Эта рвань издает отвратительный запах, и даже воронье шарахается в сторону от всего, что оставил враг на дорогах отступления. Мой знакомый командир похоронной команды, служба которого и так была сопряжена с довольно-таки неприятным делом, ругался, проклинал судьбу за то, что ему приходится очищать дороги, закатывать всю эту дрянь в глубокие ямы или просто жечь на огромных кострах.
Войска быстрым маршем идут на запад. Тесно на дорогах. В воздухе висит многоголосый гомон, гул танковых моторов и артиллерийских тягачей, грохот походных кухонь, скрип армейских двуколок. В безоблачном небе одна за другой проходят эскадрильи наших штурмовиков, бомбардировщиков, истребителей.
Вот оно, большое наступление! Ликует душа солдата. Хотя изнурительны марши, кровопролитны бои, адски тяжела работа солдата, полна неудобств и лишений походно-боевая обстановка, но в наших рядах не найдешь человека с постным и скучным лицом, не услышишь брюзжания, которое порой встречалось в дни обороны.

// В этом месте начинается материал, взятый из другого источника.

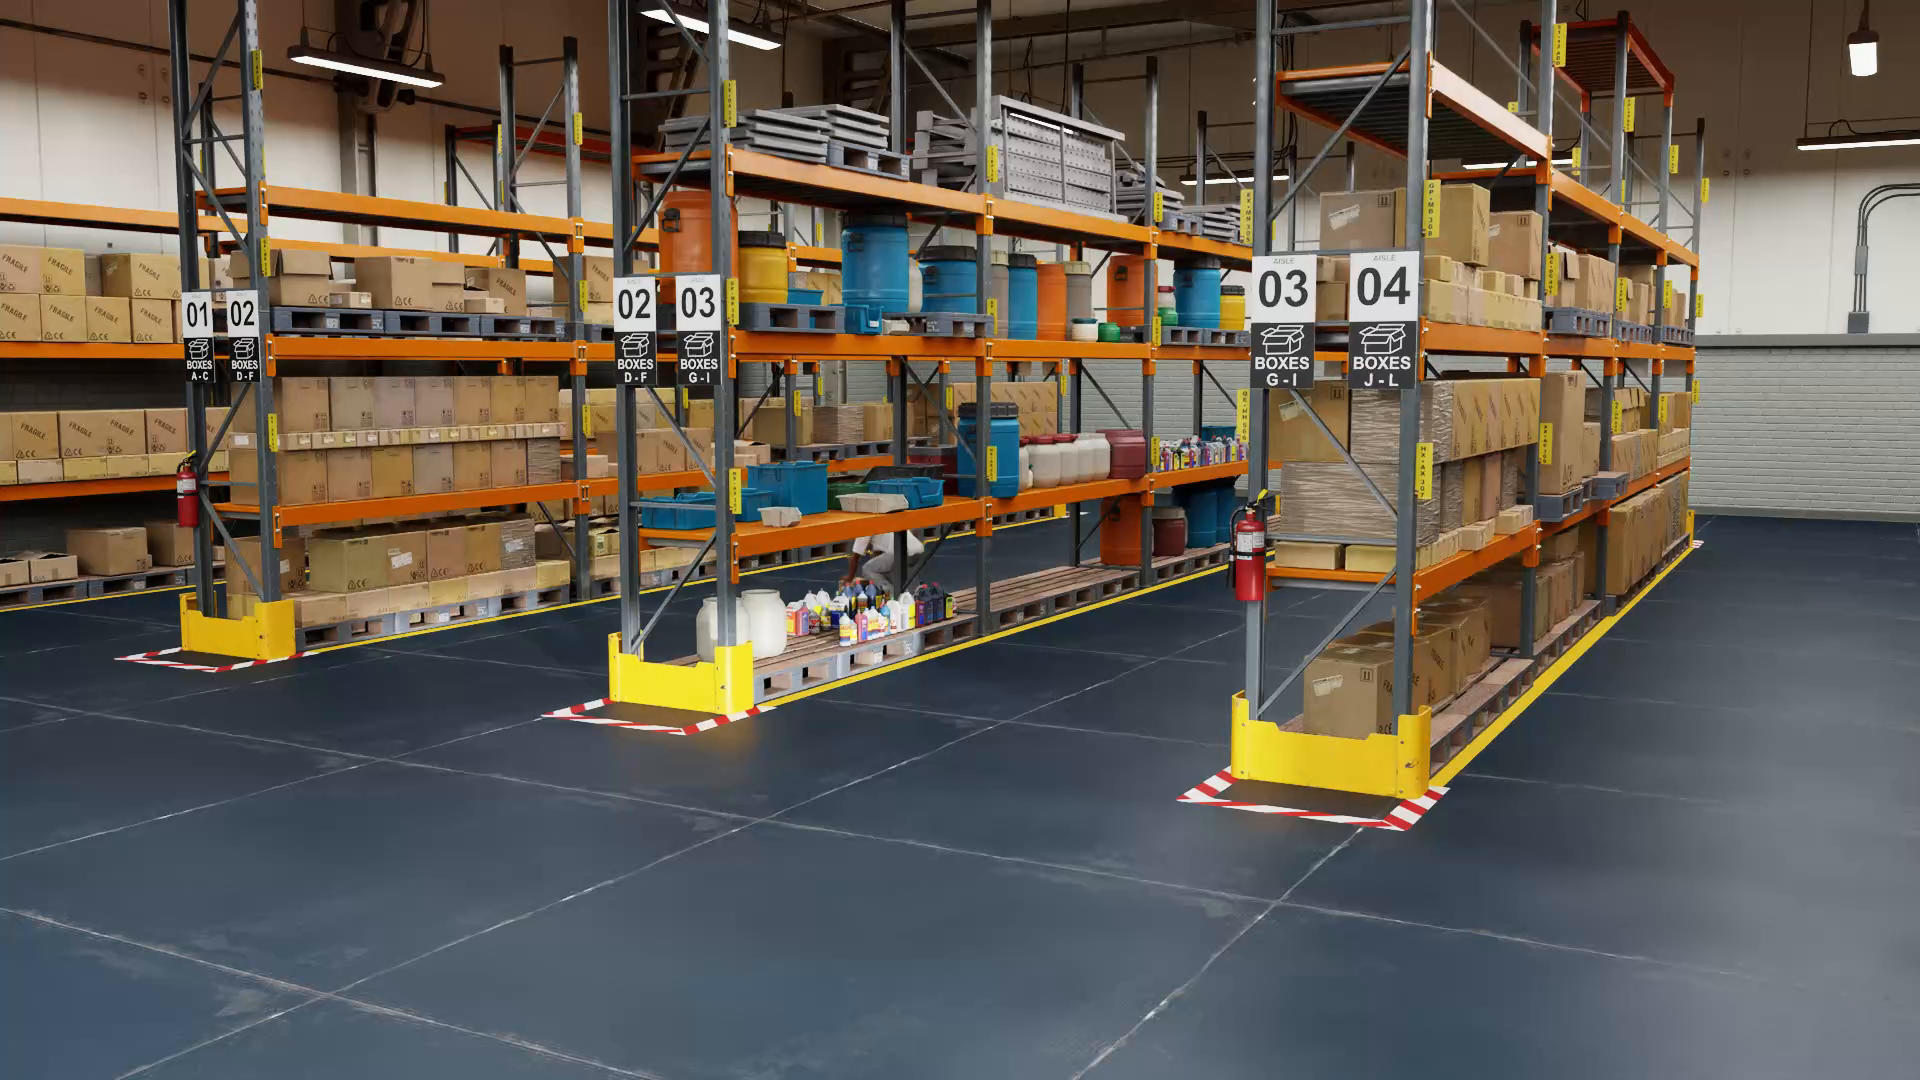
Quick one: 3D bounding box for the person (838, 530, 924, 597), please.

Не подвезли обед — можно потуже стянуть ремень; не мылись в бане целый месяц — можно искупаться в какой-нибудь тихой украинской речушке; опаздывает с письмами полевая почта — не беда: в тылу и так знают, что мы наступаем.
Уже под вечер входим в сгоревшее село. Отсюда немцы были выбиты сегодня утром. По бокам дороги тянутся в ряд печки — все, что уцелело от хат. Из степи возвращаются к пепелищам жители.